Dataset items
-- Opening Marker --
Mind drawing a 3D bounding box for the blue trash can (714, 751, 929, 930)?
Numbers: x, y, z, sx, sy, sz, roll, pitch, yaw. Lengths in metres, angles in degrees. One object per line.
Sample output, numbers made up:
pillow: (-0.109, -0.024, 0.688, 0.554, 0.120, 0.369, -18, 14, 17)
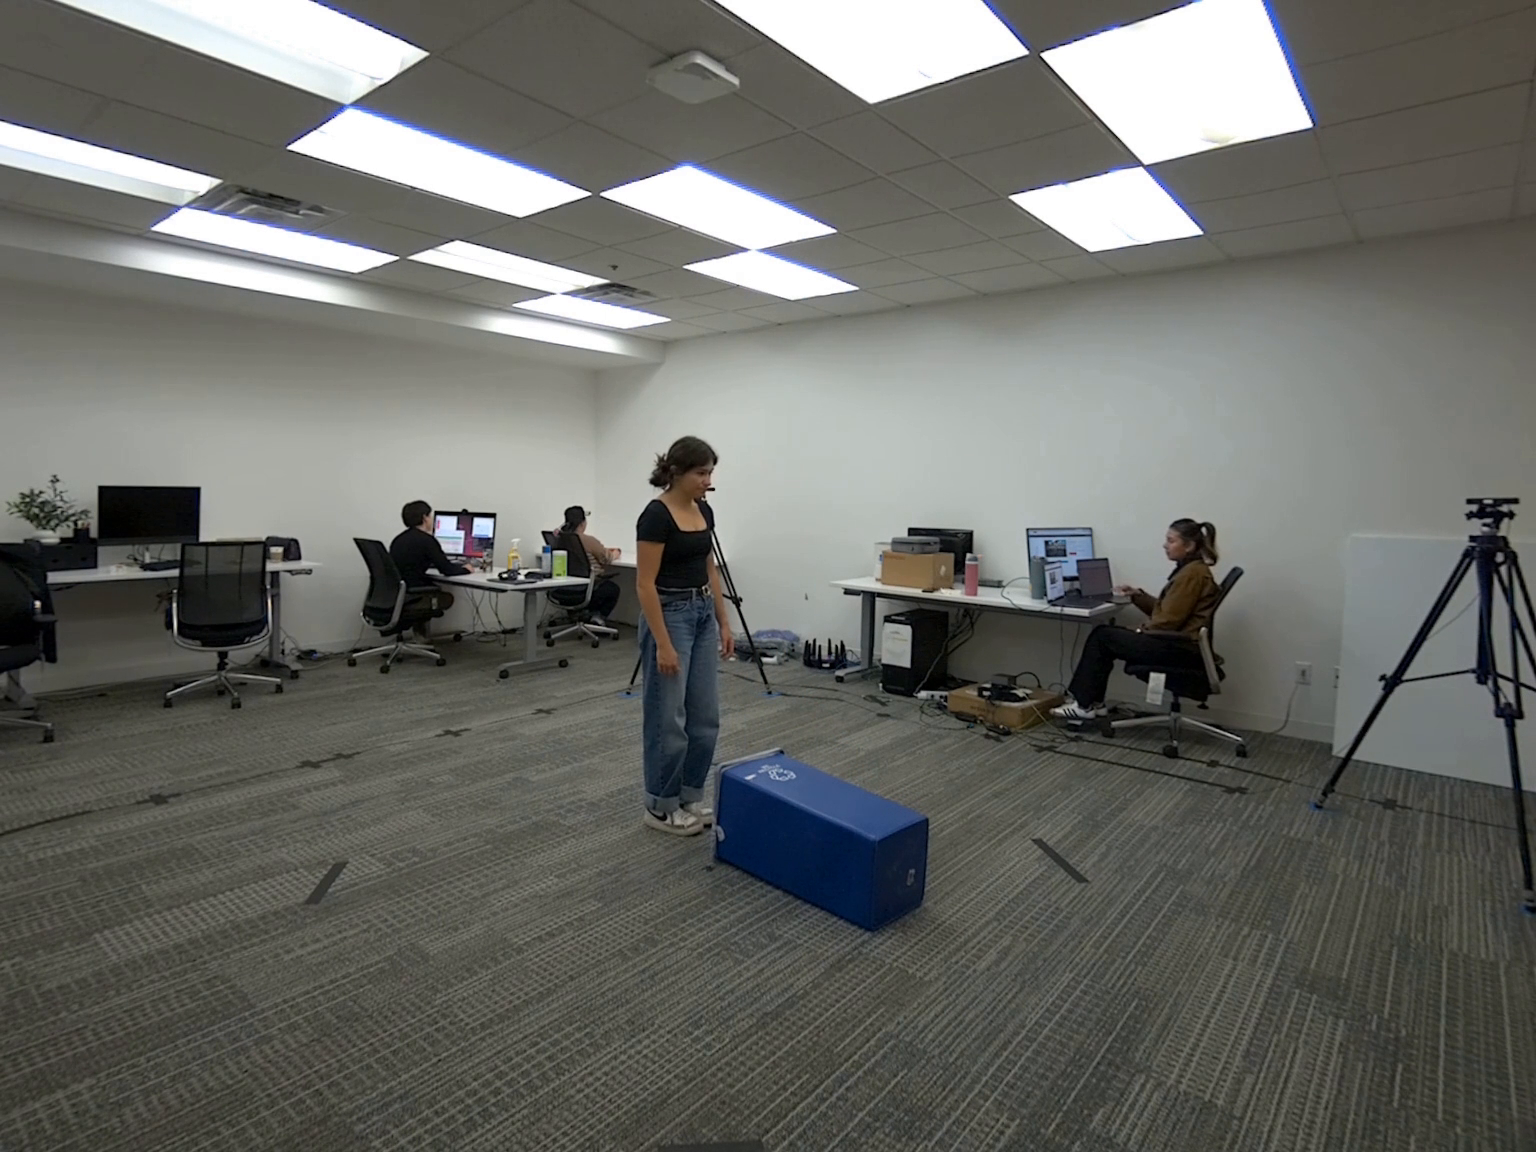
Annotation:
blue trash can: (0.172, 0.917, 3.019, 0.739, 0.376, 0.363, 10, 9, 44)
-- Closing Marker --
# Assignment
Could you write out all the records exactly, without the pictures?

# Result for this task
Mind drawing a 3D bounding box for the blue trash can (714, 751, 929, 930)?
Numbers: x, y, z, sx, sy, sz, roll, pitch, yaw. Lengths in metres, angles in degrees. One object per line.
Sample output, numbers made up:
pillow: (-0.109, -0.024, 0.688, 0.554, 0.120, 0.369, -18, 14, 17)
Annotation:
blue trash can: (0.172, 0.917, 3.019, 0.739, 0.376, 0.363, 10, 9, 44)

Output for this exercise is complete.